YOUR GOAL
Please work out how many lines in the material contain "name" and give only that figure.

PROVIDED DATA
_ _ _ _ _

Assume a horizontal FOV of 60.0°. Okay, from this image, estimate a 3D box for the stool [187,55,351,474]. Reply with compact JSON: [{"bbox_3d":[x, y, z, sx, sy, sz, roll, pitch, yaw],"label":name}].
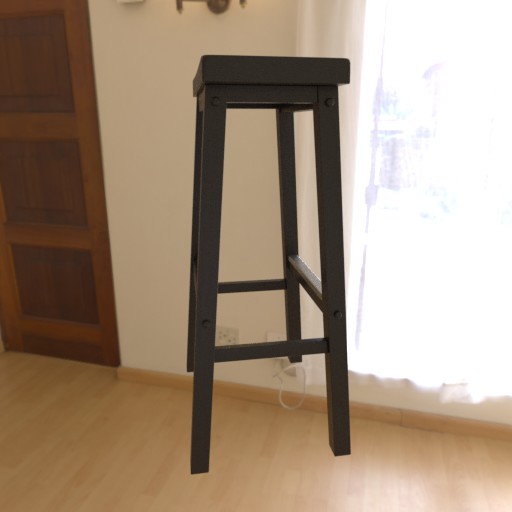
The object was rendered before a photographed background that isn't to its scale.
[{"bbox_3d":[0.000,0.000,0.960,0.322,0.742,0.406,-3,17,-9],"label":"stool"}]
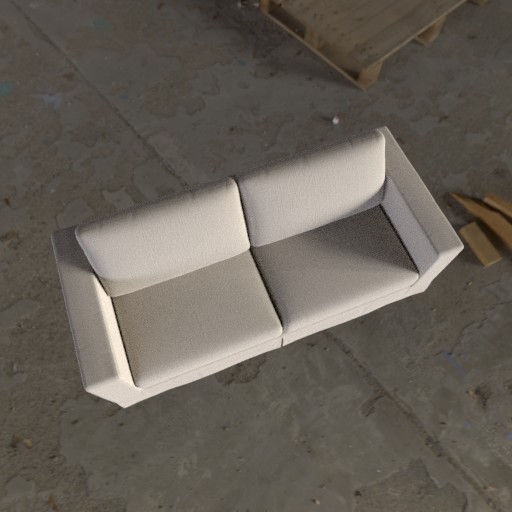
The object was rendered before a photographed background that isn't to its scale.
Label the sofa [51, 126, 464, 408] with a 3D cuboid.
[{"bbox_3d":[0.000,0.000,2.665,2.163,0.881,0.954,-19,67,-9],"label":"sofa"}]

_ _ _ _ _

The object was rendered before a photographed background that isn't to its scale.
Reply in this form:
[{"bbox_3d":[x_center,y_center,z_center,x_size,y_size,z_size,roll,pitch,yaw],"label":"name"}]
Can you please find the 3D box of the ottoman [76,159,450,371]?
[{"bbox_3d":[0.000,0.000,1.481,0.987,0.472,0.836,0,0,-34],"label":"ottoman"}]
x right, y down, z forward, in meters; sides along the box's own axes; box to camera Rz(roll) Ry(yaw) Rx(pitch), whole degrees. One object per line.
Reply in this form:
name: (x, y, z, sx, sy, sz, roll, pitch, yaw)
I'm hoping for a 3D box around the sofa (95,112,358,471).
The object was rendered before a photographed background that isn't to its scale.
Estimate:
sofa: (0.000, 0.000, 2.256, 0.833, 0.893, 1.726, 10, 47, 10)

_ _ _ _ _

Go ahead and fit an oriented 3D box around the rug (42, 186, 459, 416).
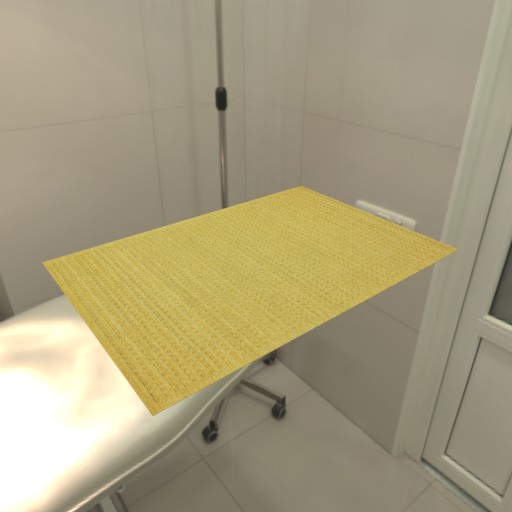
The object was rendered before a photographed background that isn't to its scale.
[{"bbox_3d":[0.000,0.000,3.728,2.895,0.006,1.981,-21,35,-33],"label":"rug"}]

_ _ _ _ _

ANSWER SPACE
3